- Norwegian release picture sleeve

Single by The Temptations

from the album The Temptations with a Lot o' Soul
- B-side: "Don't Send Me Away"
- Released: September 26, 1967
- Recorded: Hitsville USA (Studio A); 1967
- Genre: Soul
- Label: Gordy G 7065
- Songwriter(s): Norman Whitfield Edward Holland, Jr.
- Producer(s): Norman Whitfield

The Temptations singles chronology
| "You're My Everything" / "I've Been Good to You" (1967) | "(Loneliness Made Me Realize) It's You That I Need" (1967) | "I Wish It Would Rain" (1967) |

The Temptations with a Lot O' Soul track listing
- "(I Know) I'm Losing You"; "Ain't No Sun Since You've Been Gone"; "All I Need"; "(Loneliness Made Me Realize) It's You That I Need"; "No More Water in the Well"; "Save My Love For a Rainy Day"; "Just One Last Look"; "Sorry Is a Sorry Word"; "You're My Everything"; "Now That You've Won Me"; "Two Sides to Love"; "Don't Send Me Away";

= (Loneliness Made Me Realize) It's You That I Need =

1967 single by The Temptations

"(Loneliness Made Me Realize) It's You That I Need" is a 1963 song that became a 1967 hit single recorded by the Temptations for the Gordy (Motown) label, produced and co-written by Norman Whitfield. Billboard described the single as a "groovy rocker" that "is loaded with excitement and another top vocal workout."

==Background==
As the song's narrator, Temptations lead singer David Ruffin tells his former love that since they broke up he can only think of her and no one else, and since he can't find someone else to love he has an unbearable loneliness in his heart.
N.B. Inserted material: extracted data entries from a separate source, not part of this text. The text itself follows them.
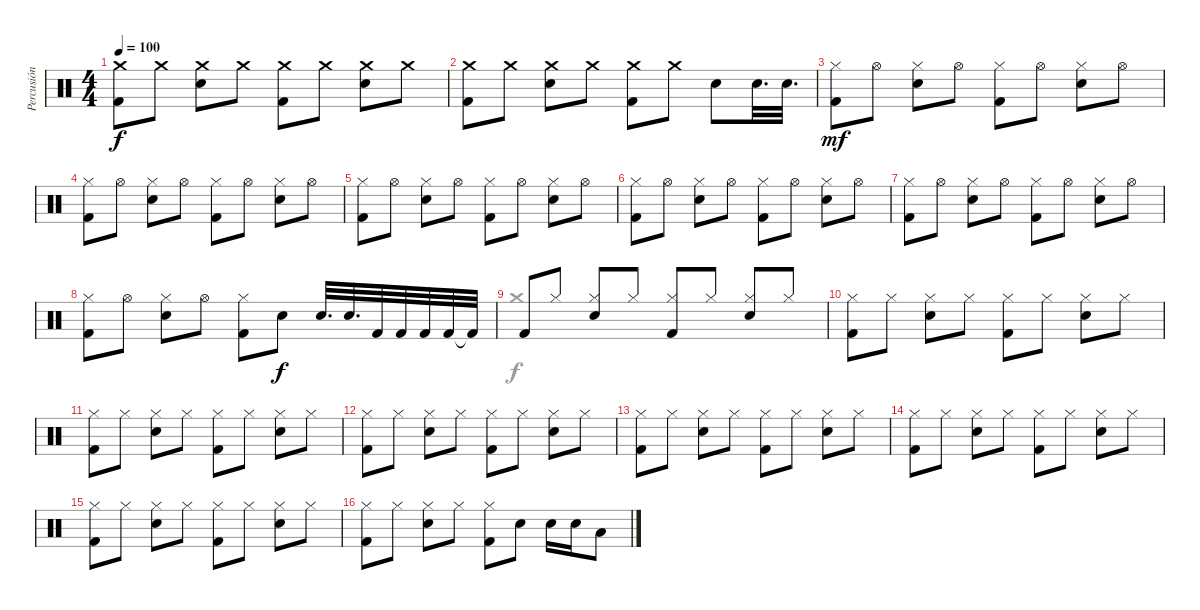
\track ("Percusión" "Percusión") {instrument percussion}
\staff {score}
\articulation defaults
\voice
\ts (4 4)
\tempo 100
\clef neutral
\ks c
("Crash medium (hit)" "Kick (hit) 2").8{dy f} "Crash medium (hit)".8 ("Crash medium (hit)" "Electric Snare (hit)").8 "Crash medium (hit)".8 ("Crash medium (hit)" "Kick (hit) 2").8 "Crash medium (hit)".8 ("Crash medium (hit)" "Electric Snare (hit)").8 "Crash medium (hit)".8 |
("Crash medium (hit)" "Kick (hit) 2").8 "Crash medium (hit)".8 ("Crash medium (hit)" "Electric Snare (hit)").8 "Crash medium (hit)".8 ("Crash medium (hit)" "Kick (hit) 2").8 "Crash medium (hit)".8 "Electric Snare (hit)".8 "Electric Snare (hit)".32{d} "Electric Snare (hit)".32{d} |
("Hi-Hat (closed)" "Kick (hit) 2").8{dy mf} "Hi-Hat (open)".8 ("Hi-Hat (closed)" "Electric Snare (hit)").8 "Hi-Hat (open)".8 ("Hi-Hat (closed)" "Kick (hit) 2").8 "Hi-Hat (open)".8 ("Hi-Hat (closed)" "Electric Snare (hit)").8 "Hi-Hat (open)".8 |
("Hi-Hat (closed)" "Kick (hit) 2").8 "Hi-Hat (open)".8 ("Hi-Hat (closed)" "Electric Snare (hit)").8 "Hi-Hat (open)".8 ("Hi-Hat (closed)" "Kick (hit) 2").8 "Hi-Hat (open)".8 ("Hi-Hat (closed)" "Electric Snare (hit)").8 "Hi-Hat (open)".8 |
("Hi-Hat (closed)" "Kick (hit) 2").8 "Hi-Hat (open)".8 ("Hi-Hat (closed)" "Electric Snare (hit)").8 "Hi-Hat (open)".8 ("Hi-Hat (closed)" "Kick (hit) 2").8 "Hi-Hat (open)".8 ("Hi-Hat (closed)" "Electric Snare (hit)").8 "Hi-Hat (open)".8 |
("Hi-Hat (closed)" "Kick (hit) 2").8 "Hi-Hat (open)".8 ("Hi-Hat (closed)" "Electric Snare (hit)").8 "Hi-Hat (open)".8 ("Hi-Hat (closed)" "Kick (hit) 2").8 "Hi-Hat (open)".8 ("Hi-Hat (closed)" "Electric Snare (hit)").8 "Hi-Hat (open)".8 |
("Hi-Hat (closed)" "Kick (hit) 2").8 "Hi-Hat (open)".8 ("Hi-Hat (closed)" "Electric Snare (hit)").8 "Hi-Hat (open)".8 ("Hi-Hat (closed)" "Kick (hit) 2").8 "Hi-Hat (open)".8 ("Hi-Hat (closed)" "Electric Snare (hit)").8 "Hi-Hat (open)".8 |
("Hi-Hat (closed)" "Kick (hit) 2").8 "Hi-Hat (open)".8 ("Hi-Hat (closed)" "Electric Snare (hit)").8 "Hi-Hat (open)".8 ("Hi-Hat (closed)" "Kick (hit) 2").8 "Electric Snare (hit)".8{dy f} "Electric Snare (hit)".32{d} "Electric Snare (hit)".32{d} "Kick (hit) 2".32 "Kick (hit) 2".32 "Kick (hit) 2".32 "Kick (hit) 2".32 "Kick (hit) 2"{t}.32 |
"Kick (hit) 2".8 "Hi-Hat (closed)".8 ("Hi-Hat (closed)" "Electric Snare (hit)").8 "Hi-Hat (closed)".8 ("Hi-Hat (closed)" "Kick (hit) 2").8 "Hi-Hat (closed)".8 ("Hi-Hat (closed)" "Electric Snare (hit)").8 "Hi-Hat (closed)".8 |
("Hi-Hat (closed)" "Kick (hit) 2").8 "Hi-Hat (closed)".8 ("Hi-Hat (closed)" "Electric Snare (hit)").8 "Hi-Hat (closed)".8 ("Hi-Hat (closed)" "Kick (hit) 2").8 "Hi-Hat (closed)".8 ("Hi-Hat (closed)" "Electric Snare (hit)").8 "Hi-Hat (closed)".8 |
("Hi-Hat (closed)" "Kick (hit) 2").8 "Hi-Hat (closed)".8 ("Hi-Hat (closed)" "Electric Snare (hit)").8 "Hi-Hat (closed)".8 ("Hi-Hat (closed)" "Kick (hit) 2").8 "Hi-Hat (closed)".8 ("Hi-Hat (closed)" "Electric Snare (hit)").8 "Hi-Hat (closed)".8 |
("Hi-Hat (closed)" "Kick (hit) 2").8 "Hi-Hat (closed)".8 ("Hi-Hat (closed)" "Electric Snare (hit)").8 "Hi-Hat (closed)".8 ("Hi-Hat (closed)" "Kick (hit) 2").8 "Hi-Hat (closed)".8 ("Hi-Hat (closed)" "Electric Snare (hit)").8 "Hi-Hat (closed)".8 |
("Hi-Hat (closed)" "Kick (hit) 2").8 "Hi-Hat (closed)".8 ("Hi-Hat (closed)" "Electric Snare (hit)").8 "Hi-Hat (closed)".8 ("Hi-Hat (closed)" "Kick (hit) 2").8 "Hi-Hat (closed)".8 ("Hi-Hat (closed)" "Electric Snare (hit)").8 "Hi-Hat (closed)".8 |
("Hi-Hat (closed)" "Kick (hit) 2").8 "Hi-Hat (closed)".8 ("Hi-Hat (closed)" "Electric Snare (hit)").8 "Hi-Hat (closed)".8 ("Hi-Hat (closed)" "Kick (hit) 2").8 "Hi-Hat (closed)".8 ("Hi-Hat (closed)" "Electric Snare (hit)").8 "Hi-Hat (closed)".8 |
("Hi-Hat (closed)" "Kick (hit) 2").8 "Hi-Hat (closed)".8 ("Hi-Hat (closed)" "Electric Snare (hit)").8 "Hi-Hat (closed)".8 ("Hi-Hat (closed)" "Kick (hit) 2").8 "Hi-Hat (closed)".8 ("Hi-Hat (closed)" "Electric Snare (hit)").8 "Hi-Hat (closed)".8 |
("Hi-Hat (closed)" "Kick (hit) 2").8 "Hi-Hat (closed)".8 ("Hi-Hat (closed)" "Electric Snare (hit)").8 "Hi-Hat (closed)".8 ("Hi-Hat (closed)" "Kick (hit) 2").8 "Electric Snare (hit)".8 "Electric Snare (hit)".16 "Electric Snare (hit)".16 "Low Tom (hit)".8
\voice
\clef neutral
\ottava regular
\simile none
\ks c
|
|
|
|
|
|
|
|
"Crash medium (hit)".1 |
|
|
|
|
|
|

This is one of the rare pre-1968 singles to feature the group members singing all lead vocals at one point, as the other members, Eddie Kendricks, Melvin Franklin, Paul Williams, and Otis Williams, each have a solo spot out front on the last verse.
Issued with the Otis Williams-led "Don't Send Me Away" as its B-side, "It's You That I Need" was the fourth and final single from the group's 1967 album The Temptations with a Lot o' Soul. The single would be the last one with all group members singing lead until "Cloud Nine". It would also be the last single in which lyricist Eddie Holland would be teamed with Norman Whitfield, who would now be partnered with Barrett Strong for the next five years creating the group's material. Holland, who originally recorded the song (for the Motown label) as an unreleased track back in 1963, was also a member of the production team of H-D-H, who had become dissatisfied with both their pay and the working atmosphere at Motown, and the trio left the label in early 1968.

==Personnel==
- Lead and background vocals by David Ruffin (whole song), Paul Williams, Eddie Kendricks, Melvin Franklin, and Otis Williams (last verse)
- Instrumentation by The Funk Brothers

==Chart performance==
"(Loneliness Made Me Realize) It's You That I Need" is one of the small handful of pre-psychedelic era songs the group recorded that had more than two members singing lead at one point, and the only one that charted. It peaked on the Billboard Hot 100 singles chart at number 14 and the Billboard R&B chart at number 3.

| Chart (1967) | Peak position |
|---|---|
| U.S. Billboard Hot 100 | 14 |
| U.S. Billboard Hot R&B Singles | 3 |

==Cover versions==
- Ruffin's brother, Jimmy Ruffin, had previously covered this song in 1965, though his version would not be released until 2014.